Mixed connective tissue disease (MCTD) is an autoimmune disease first described in 1972 and is considered an "overlap" of three diseases, systemic lupus erythematosus (lupus), scleroderma and polymyositis. People with MCTD experience symptoms of each of these three diseases. In many cases, this mixed set of symptoms is eventually dominated by symptoms characteristic of one of the three illnesses, especially scleroderma or lupus.
How common is MCTD?
Mixed connective tissue disease is relatively rare, and the vast majority of people with the disease (80 percent) are women. MCTD occurs among people of all ages.
What are the warning signs of MCTD?
Most people with MCTD experience
subtle signs of the disease many years before having it diagnosed. These
symptoms can include swollen fingers, joint or muscle pain, acid reflux
or difficulty swallowing, Raynaud's phenomenon (fingers become pale and numb in
response to cold or emotional stress), muscle weakness, shortness of breath on
activity, dry cough, a general malaise and fatigue. Symptoms of MCTD vary widely and each
person's illness can be quite different.
Often a person with MCTD
will visit many doctors before they receive a confirmed diagnosis. Although the
diagnosis is often made based on the overlapping symptoms of lupus, scleroderma
and polymyositis, a blood test for the ANA (anti-nuclear antibodies) – a general
test of autoimmune disease – is taken. Abnormally high test results for ANA are
an indicator for MCTD. Further testing of the blood will detect a more specific
antibody, anti-ribonucleoprotein (RNP), which is present in almost all people
who have MCTD.
Almost everyone with MCTD will have aching joints.
The disease also damages the muscle fibres causing weakness and soreness,
especially in the muscles around the shoulders and hips.
Frequently, MCTD causes swollen hands and fingers. A
purplish butterfly-shaped rash on the cheeks and the bridge of the nose, red
patches on the knuckles, a violet discolouration of the eyelids and spidery
veins on the face and hands may also occur.
What causes MCTD?
The cause of MCTD is not known. There may be a genetic predisposition and it is known that autoimmune diseases like MCTD run in families. It also appears that hormones may play a role in increasing susceptibility to developing the disease.

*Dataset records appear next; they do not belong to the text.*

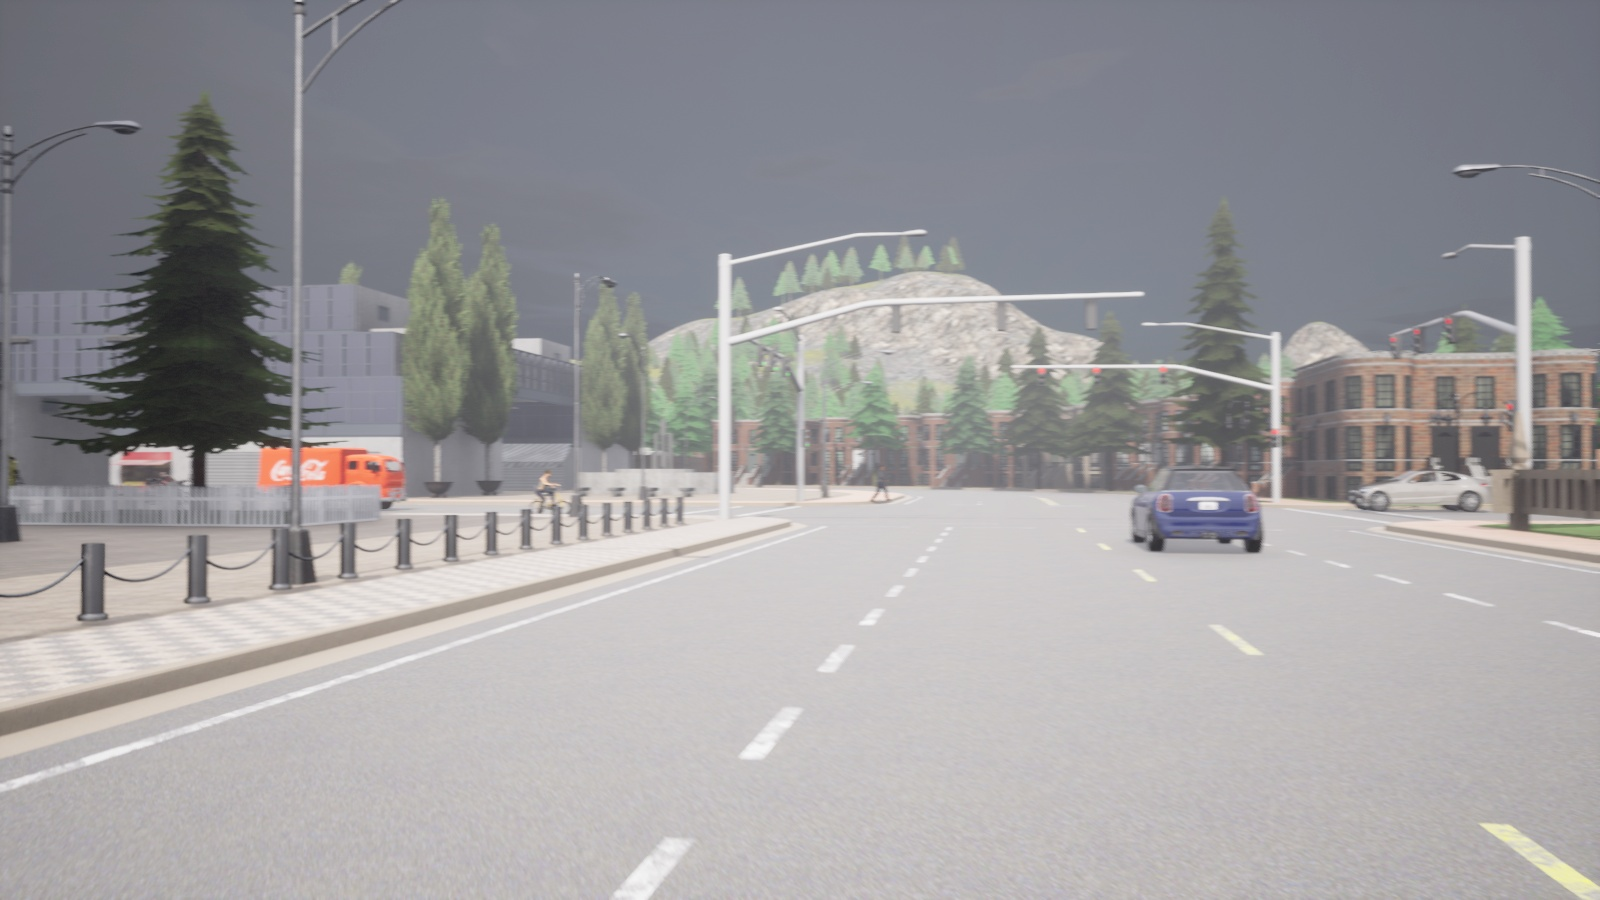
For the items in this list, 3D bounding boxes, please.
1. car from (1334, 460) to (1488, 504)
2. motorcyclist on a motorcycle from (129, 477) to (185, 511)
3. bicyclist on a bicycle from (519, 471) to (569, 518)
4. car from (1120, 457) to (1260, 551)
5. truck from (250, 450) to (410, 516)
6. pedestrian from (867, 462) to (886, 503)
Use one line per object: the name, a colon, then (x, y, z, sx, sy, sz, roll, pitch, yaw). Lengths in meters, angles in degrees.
car: (23.984, 1.266, 49.486, 5.027, 1.651, 2.152, -1, -1, 9)
motorcyclist on a motorcycle: (-29.514, 2.017, 57.636, 2.191, 1.530, 0.866, -1, -1, 9)
bicyclist on a bicycle: (-8.932, 1.549, 43.886, 1.509, 1.612, 0.866, -1, -1, 9)
car: (7.935, 1.057, 25.977, 2.097, 1.767, 4.553, -1, -1, 9)
truck: (-18.222, 1.272, 48.843, 5.204, 2.467, 2.627, -1, -1, 9)
pedestrian: (3.586, 1.533, 59.135, 0.788, 1.949, 0.423, -1, -1, 19)

What can you do about MCTD?
Medicine
Treatment of MCTD
is directed at suppressing immune-related inflammation of tissues and is similar
to treatment for lupus. Corticosteroids (for example, prednisone) are usually
effective, especially when the disease is diagnosed early. Mild cases can be
treated with nonsteroidal anti-inflammatory drugs (NSAIDs), hydroxychloroquine
or similar drugs, and low doses of corticosteroids.
The more
severe the disease, the higher the dose of corticosteroid needed. Prednisone is
the most common corticosteroid used and is taken in pill form. Prednisone is
usually considered when the symptoms of MCTD are not being controlled by other
treatments.
Prednisone use needs to be carefully monitored
because of its many side effects, and the drug must never be stopped abruptly. Some
of the side effects from long-term use include cataracts, high blood
pressure, sleep problems, muscle loss, bruising, thinning of the bones
(osteoporosis), weight gain and increased risk of infections. The goal with this and most
drugs is to find the lowest effective dose to avoid as many of the side effects
as possible.
In severe cases of MCTD, immunosuppressive drugs (e.g.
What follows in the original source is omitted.